Some of the major causes of Rail accidents include:

• Derailment: Between 2003-04 and 2015-16, derailments were the second highest reason for
• casualties.
• Unmanned Level Crossings: Unmanned level crossings (UMLCs) continue to be the biggest cause of maximum casualties in rail accidents.
• Consequential Train Accidents: Consequential train accidents include collisions, derailments, accidents at level crossings, train fires and similar accidents that have serious repercussions in terms of casualties and damage to property. These exclude cases of trespassing at unmanned railway crossings.
• Accidents Due to Failure of Rail Staff: More than half of the accidents are due to lapses on the part of railway staff. Such lapses include carelessness in working, poor maintenance work, adoption of shortcuts and non-observance of laid down safety rules and procedures.
• Accidents Due to Loco Pilots: Accidents also occur due to signalling errors for which loco-pilots (train operators) are responsible. Further, currently no technological support is available to the loco-pilots and they have to keep a vigilant watch on the signal and control the train accordingly. Loco-pilots are also overworked as they have to work beyond their stipulated hours of duty. This work stress and fatigue puts the life of thousands of commuters at risk and affects the safety of train operations.
• Under-Investment in the Railways Leading to Accidents: under-investment in the railways has resulted in congested routes, inability to add new trains, reduction of train speeds and more rail accidents
• Slow Expansion of Rail Networks has put undue burden on the existing infrastructure, leading to severe congestion and safety compromises

Measures to Control Rail Accidents

• Indian Railways should switch completely to the Linke Hoffman Busch (LHB) coaches as they do not pile upon each other during derailments and hence cause lesser casualties.
• Audio-visual warnings should be implemented at level crossings to warn road users about approaching trains. These may include the Approaching Train Warning Systems and the Train Actuated Warning Systems.
• In the Union Budget 2017-18, elimination of all unmanned level crossings on broad gauge lines by 2020 has been proposed.
• A regular refresher course for each category of railway staff should be conducted.
• Require some significant investments towards capital and maintenance of railways infrastructure.

Levels of Disaster

The capacity of the authorities to deal with the disaster and the vulnerability of disaster affected area shall be taken into account for planning and tackling disaster management. Therefore, High Power Committee on Disaster Management in its report of 2001 categorized disaster situations into three ‘levels’: L1, L2, and L3. The period of normalcy, L0, should be utilized for disaster risk reduction.

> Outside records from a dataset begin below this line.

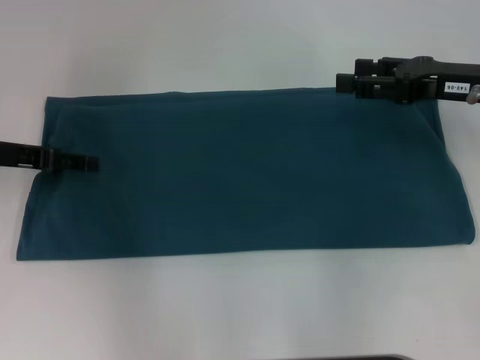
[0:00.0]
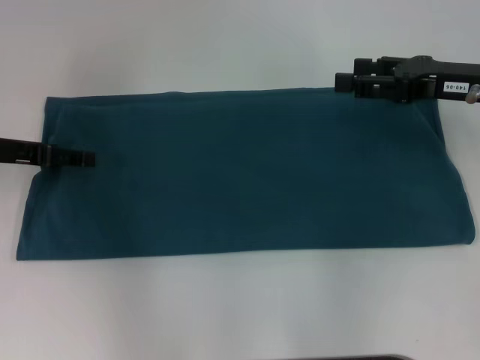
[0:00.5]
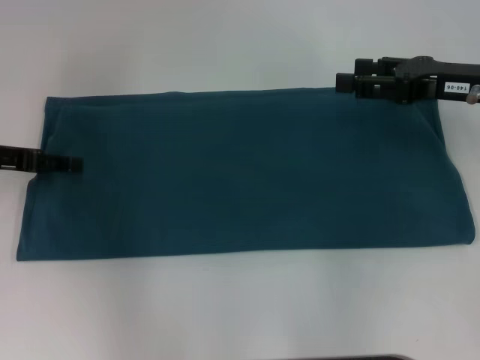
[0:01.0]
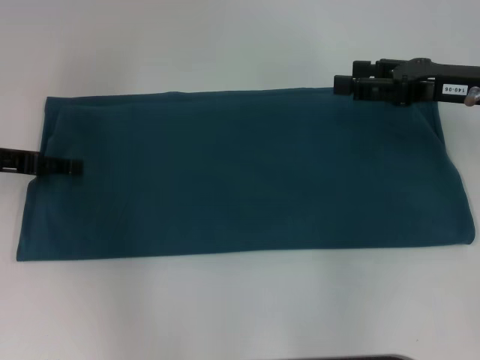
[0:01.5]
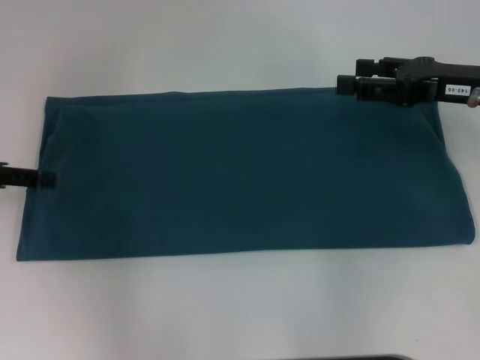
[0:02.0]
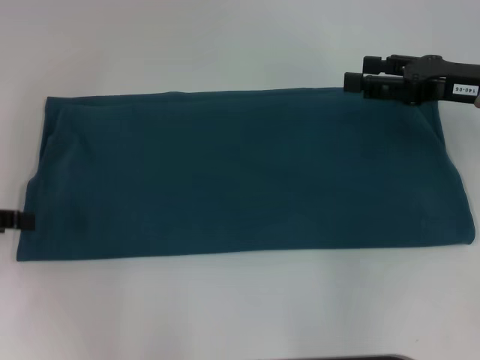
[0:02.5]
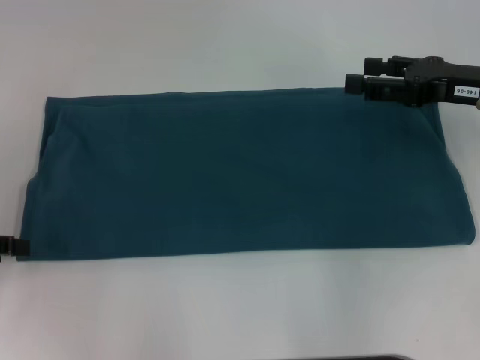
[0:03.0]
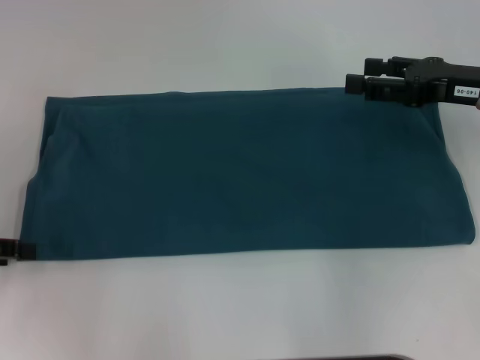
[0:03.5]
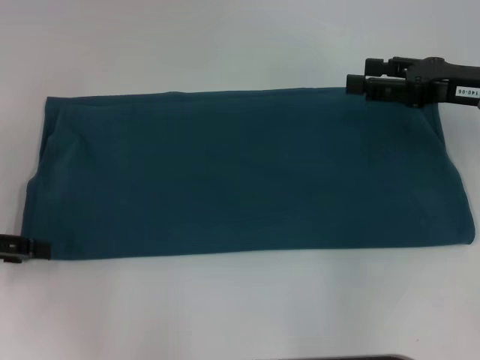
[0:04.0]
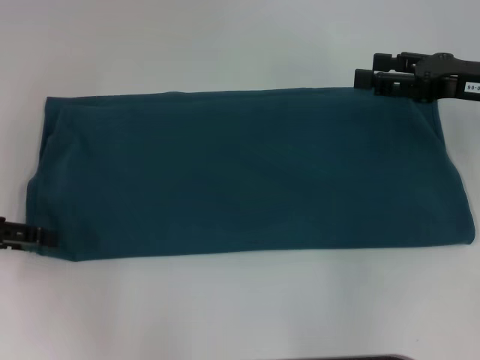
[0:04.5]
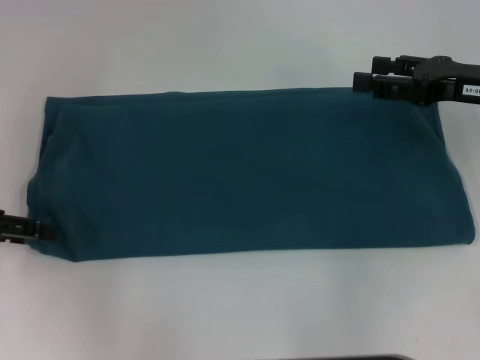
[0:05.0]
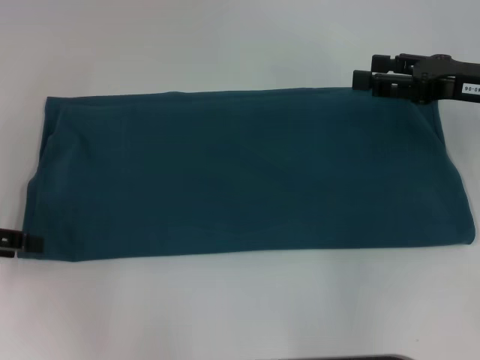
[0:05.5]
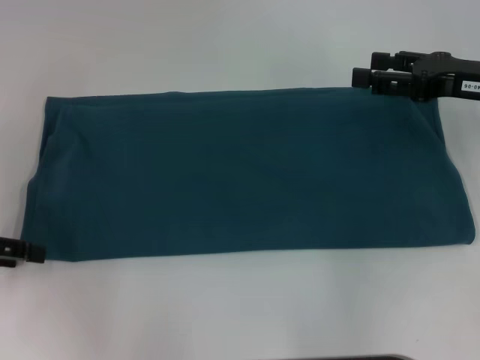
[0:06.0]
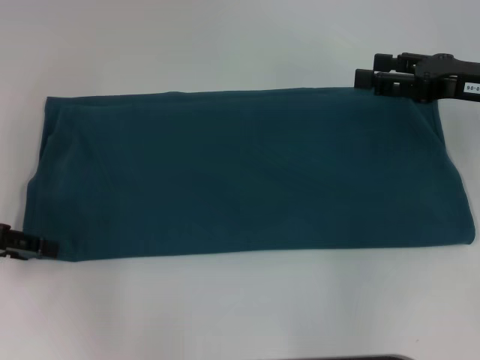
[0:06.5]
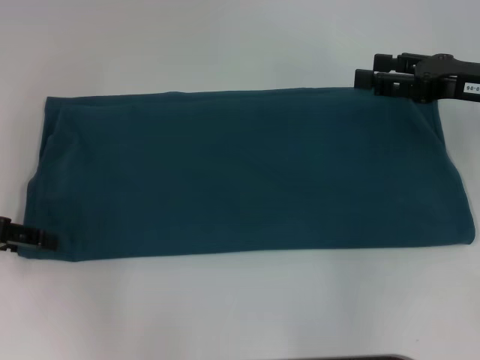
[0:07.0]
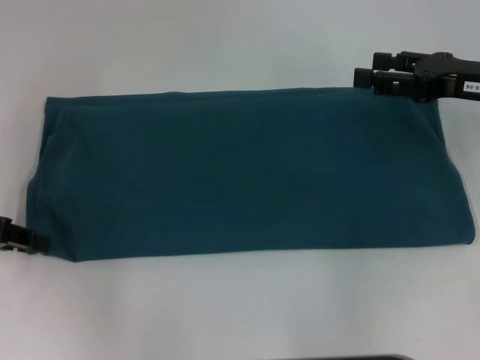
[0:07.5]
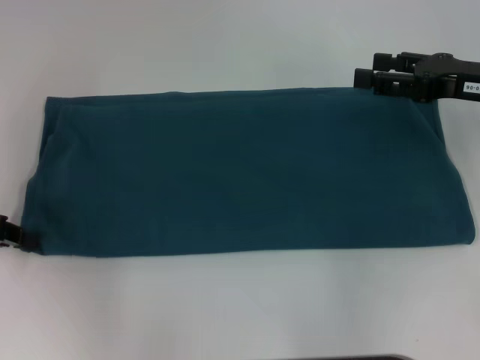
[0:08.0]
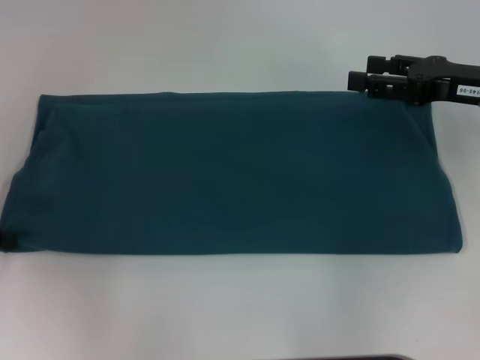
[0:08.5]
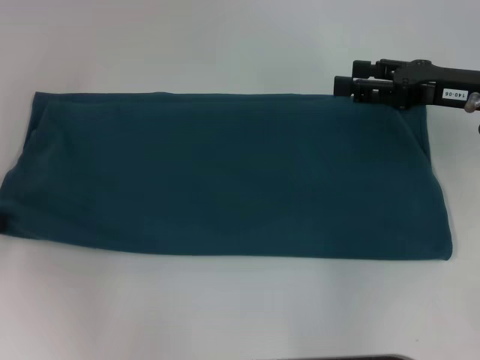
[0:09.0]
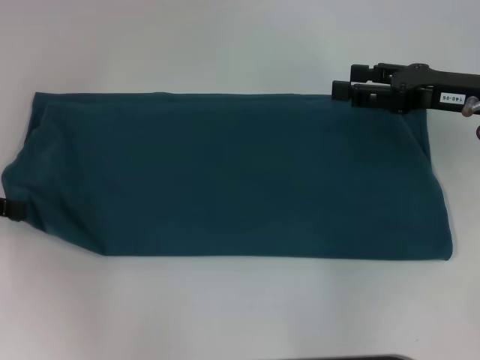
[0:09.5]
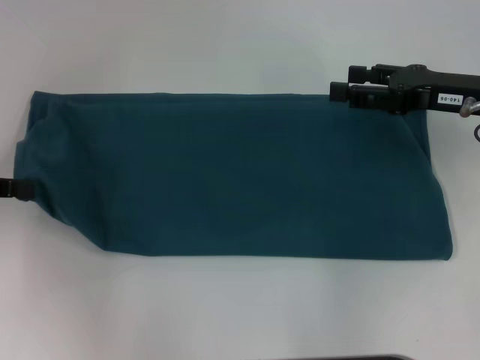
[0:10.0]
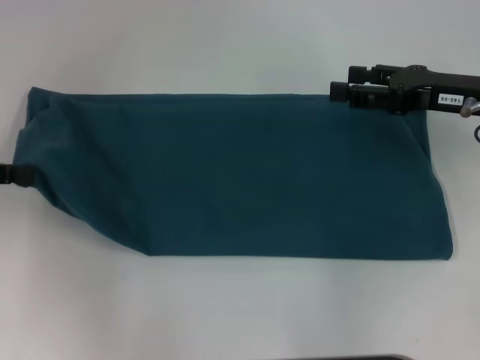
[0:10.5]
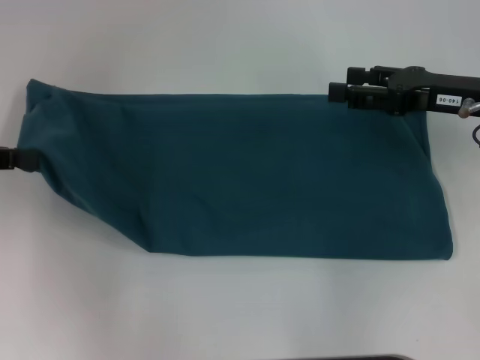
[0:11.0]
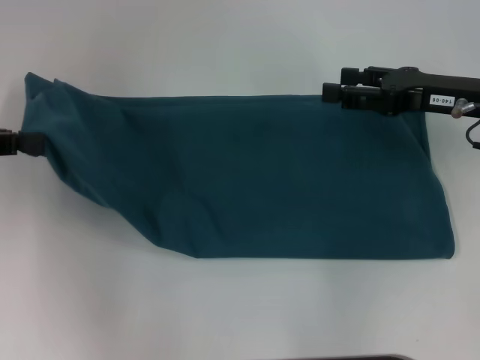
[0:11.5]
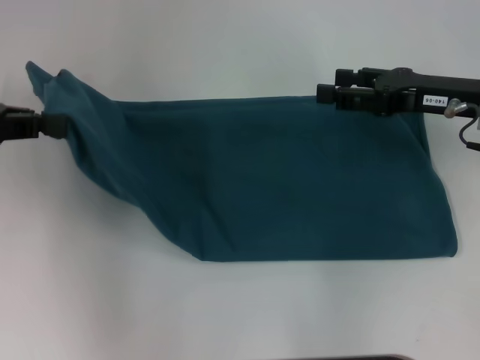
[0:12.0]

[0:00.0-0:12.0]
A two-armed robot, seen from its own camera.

• Level-L1: The level of disaster that can be managed within the capabilities and resources at the District level. However, the state authorities will remain in readiness to provide assistance if needed.
• Level-L2: This signifies the disaster situations that require assistance and active mobilization of resources at the state level and deployment of state level agencies for disaster management. The central agencies must remain vigilant for immediate deployment if required by the state.
• Level-L3: This corresponds to a nearly catastrophic situation or a very large-scale disaster that overwhelms the State and District authorities.

The categorization of disaster situations into levels LO to L3 finds no mention in Disaster Management Act 2005. Further, the DM Act does not have any provision for notifying any disaster as a ‘national calamity’ or a ‘national disaster’.